This may be a bit of a rant; thanks for putting up with me.

First: Obama/Biden will win. This is now clear beyond any real doubt, unless we see a very widespread incidence of the "young people don't vote phenomenon".

I think an Obama win is a good thing for the following reasons:
1. Obama is black. I'm excited about having a black president. One glass ceiling down.
2. Obama seems to me to be a real political thinker, much like Al Gore. After the blathering idiot we've had in the White House these past eight years, that's a refreshing change.
3. I look forward to having an all-Democrat power base at the national level. More on this later in this post.

I think an Obama win is (potentially) a bad thing for the following reasons:
1. He is very inexperienced for this job. He has zero executive branch experience, and only a couple of years of national experience, most of which has been spent campaigning. He talks a lot about things, but we have precious little evidence of his actions.
2. He has a lot of troubling associations with divisive and anti-American people.

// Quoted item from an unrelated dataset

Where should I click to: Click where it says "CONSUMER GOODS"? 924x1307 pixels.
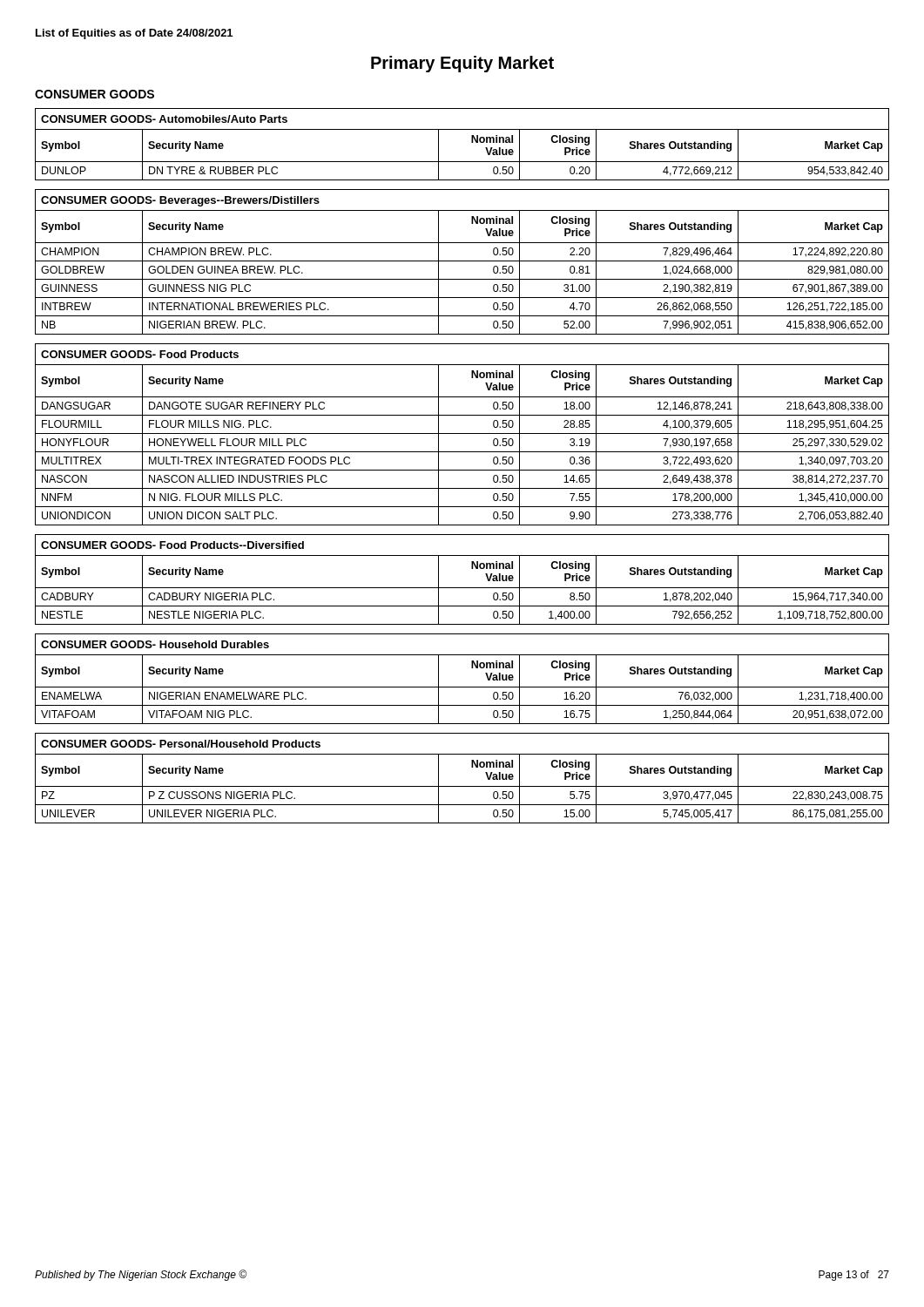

Having said all of that, I think I have to give the guy the benefit of a doubt and vote for him.  But it's fairly close for me. I'm an independent - maybe the only true independent in my regular crowd. I believe that there is trult not much difference between Republicans and Democrats. They are basically one party with the same goal - extending and expanding power and making money.  I really wanted Ron Paul to have a shot, and the way he was torpedoed and character assassinated was quite disheartening for me. I think George Bush is one of our worst presidents ever, and the neocons really frighten me.  But John McCain is a truly great man.

And this is where my frustrations set in.

I mostly hang out with dyed-in-the-wool liberals. If you're reading this, you are probably one of them. And in fact, you're probably seething to tell me that John McCain is terrible, he's mean, he's dumb, he's old and senile, that I have drunk the Republican Kool-Aid on my Obama cons above, and so on.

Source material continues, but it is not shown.